Itasca Lake vs Long Lost Lake
Water quality, depth, fish species, and recreation comparison.
Long Lost Lake has a higher water quality grade (A, Excellent) than Itasca Lake (C, Fair). Both are in Clearwater County, Minnesota.
Both Itasca Lake and Long Lost Lake sit in Minnesota. A same-state comparison strips out the state-level water-quality regime as a variable: any grade differences here are about the lakes themselves, not the agencies grading them. The grades are meaningfully apart: Long Lost Lake grades a A while Itasca Lake grades a C. That two-letter spread reflects real underlying differences — different watershed inputs, different depth profiles, or different monitoring rigor.

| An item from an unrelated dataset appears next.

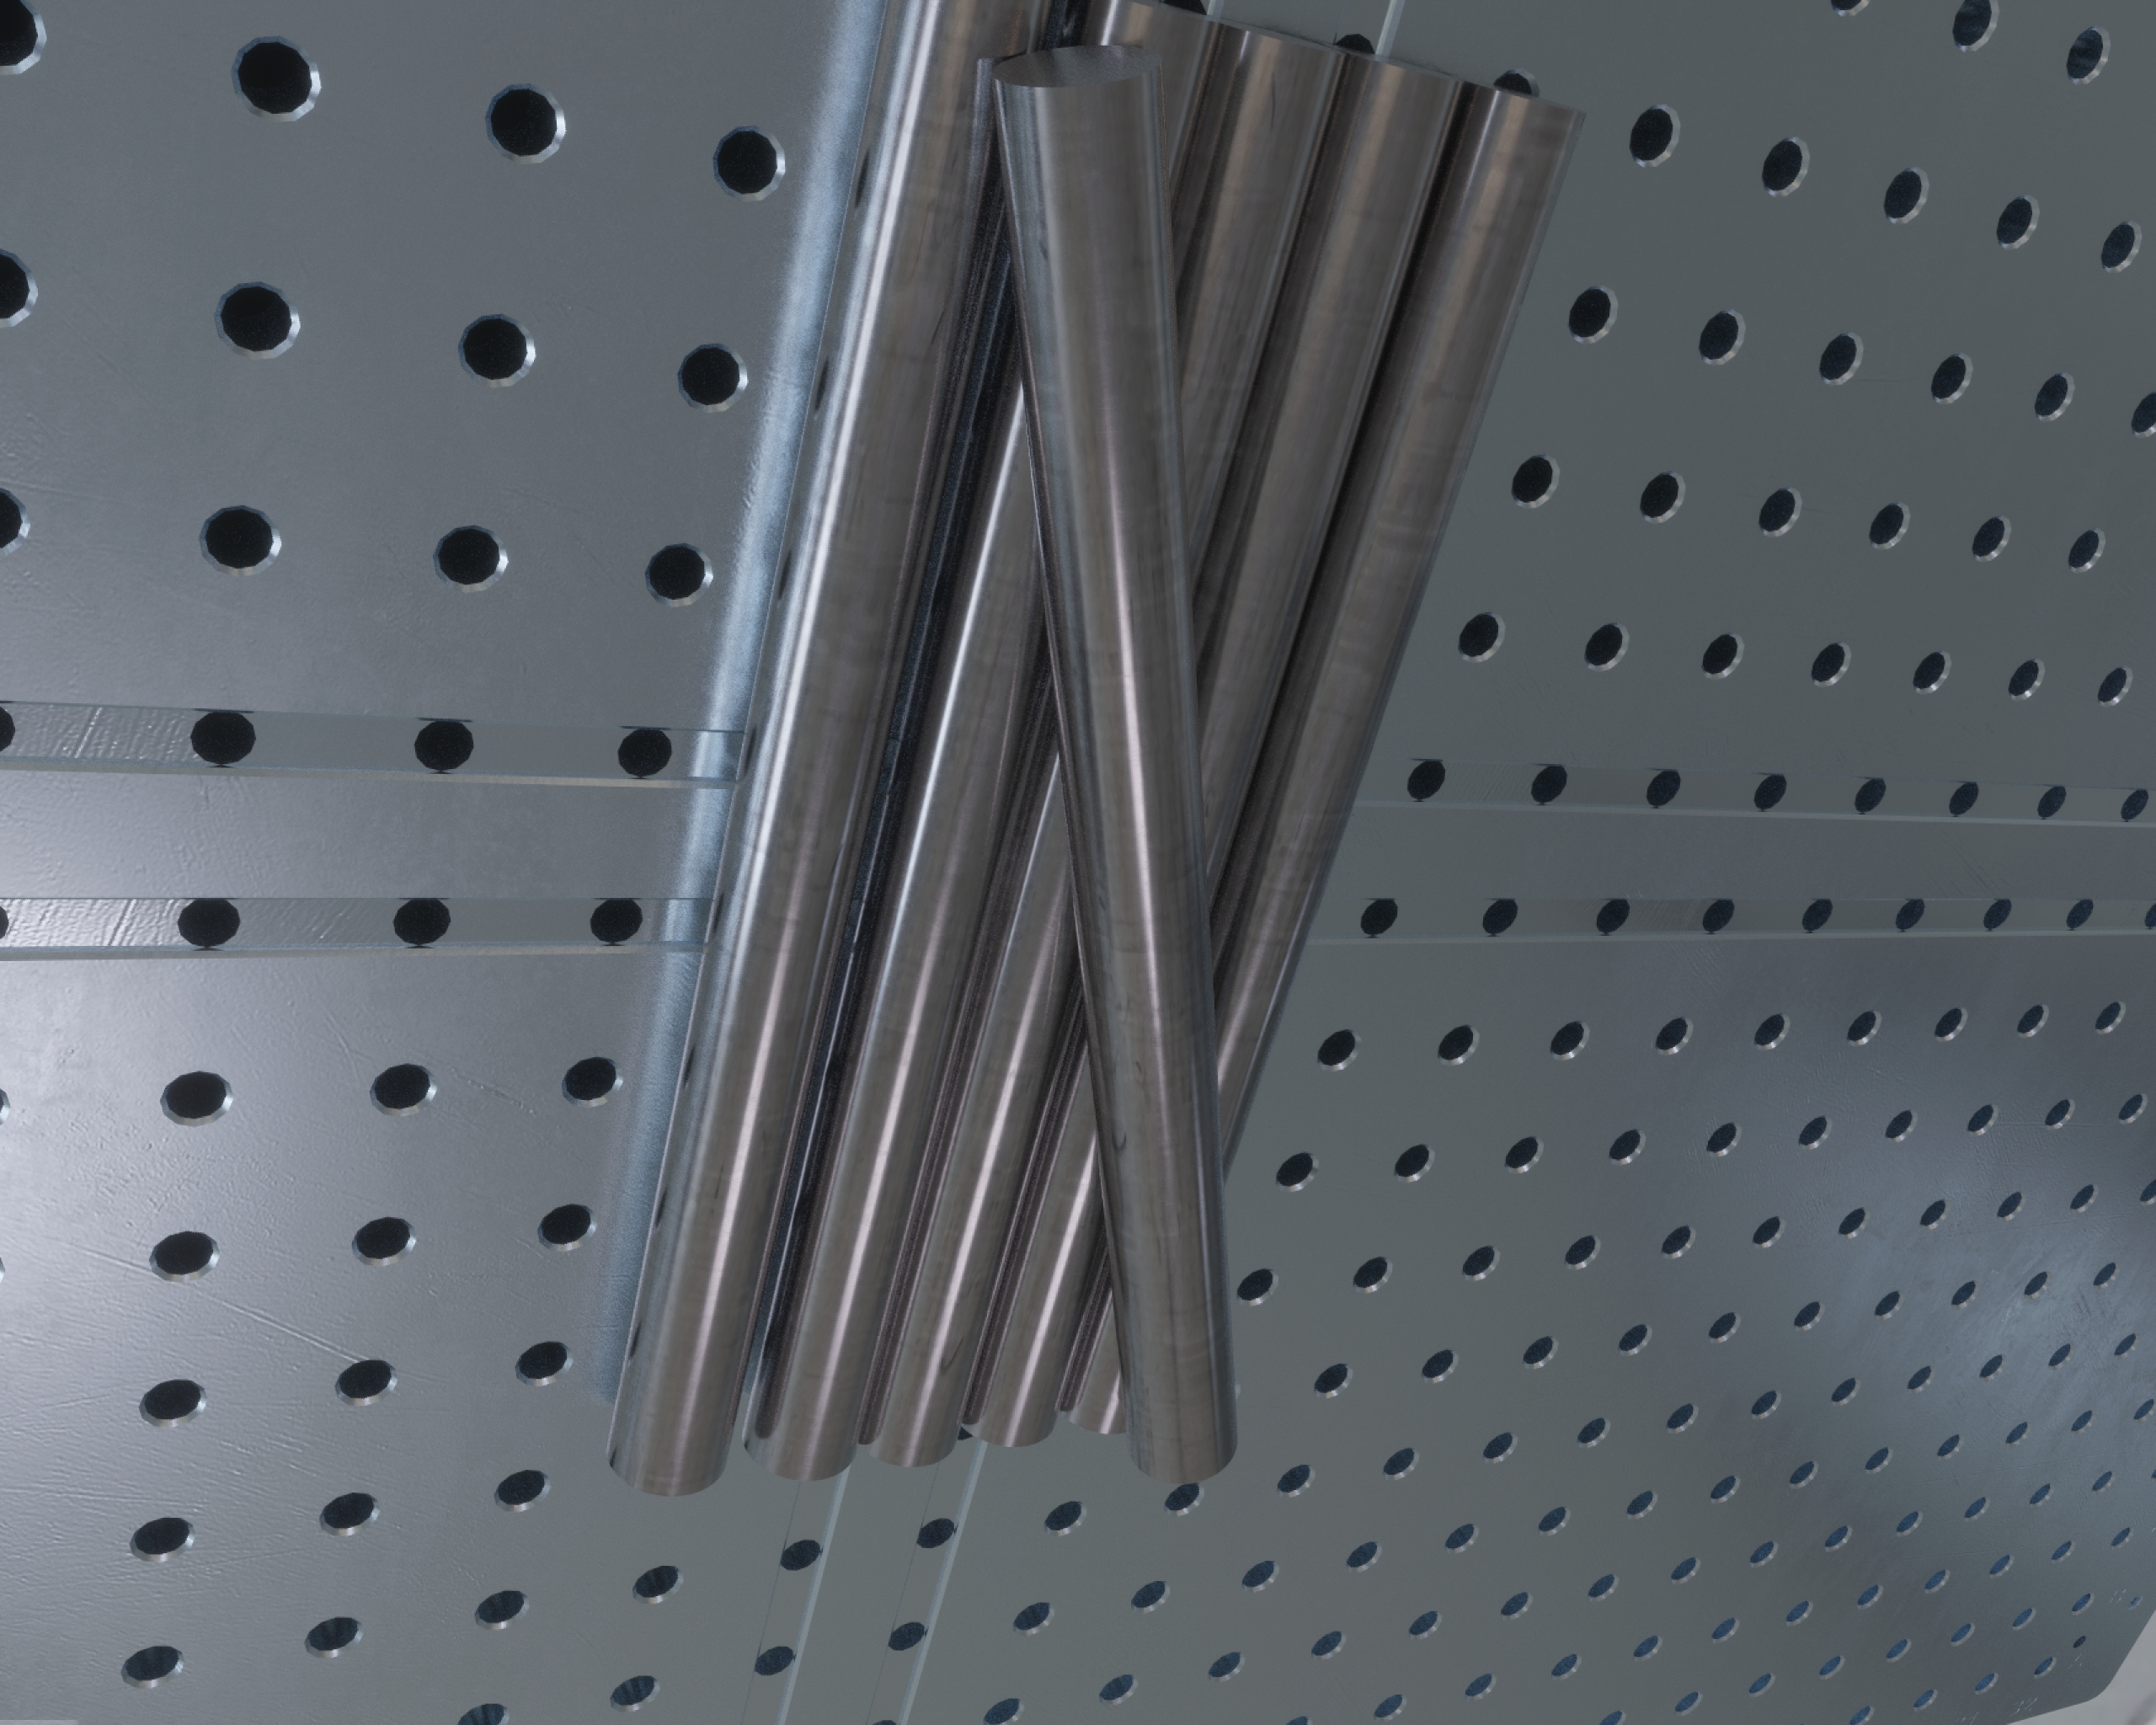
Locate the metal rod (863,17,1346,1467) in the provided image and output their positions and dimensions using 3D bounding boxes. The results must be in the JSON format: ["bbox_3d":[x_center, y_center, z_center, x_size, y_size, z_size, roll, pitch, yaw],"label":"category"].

For a recreational visitor, the wider grade gap is decisive — Long Lost Lake is the better water-quality choice. For a researcher, the gap is the interesting part: what is different about the two watersheds, and which of those differences is mutable?
Itasca Lake
Murky, only visible to about 6.3 ft.
Long Lost Lake
Crystal clear, you can see 22 ft down.
Side-by-Side Metrics
| Metric | Itasca Lake | Long Lost Lake |
|---|---|---|
| Overall Grade | C (Fair) | A (Excellent) |
| Water Clarity | 6.3 ft | 22 ft |
| Phosphorus | 28 µg/L | 10.5 µg/L |
| Chlorophyll-a (Algae) | No data | No data |
| Maximum Depth | 40 ft | 63 ft |
| Surface Area | 1.1K acres | 539.04 acres |
| Public Access | Yes | Yes |
| Fish Species | 1 | 1 |
| Trophic State | eutrophic | oligotrophic |
Bold value = better for that metric (lower phosphorus / chlorophyll = cleaner; higher Secchi / depth / species count = better).
Verdict
Long Lost Lake wins on overall water quality with a Grade A versus Itasca Lake's Grade C. Water clarity: 22 ft vs 6.3 ft. For fishing diversity, Long Lost Lake also leads with 1 species.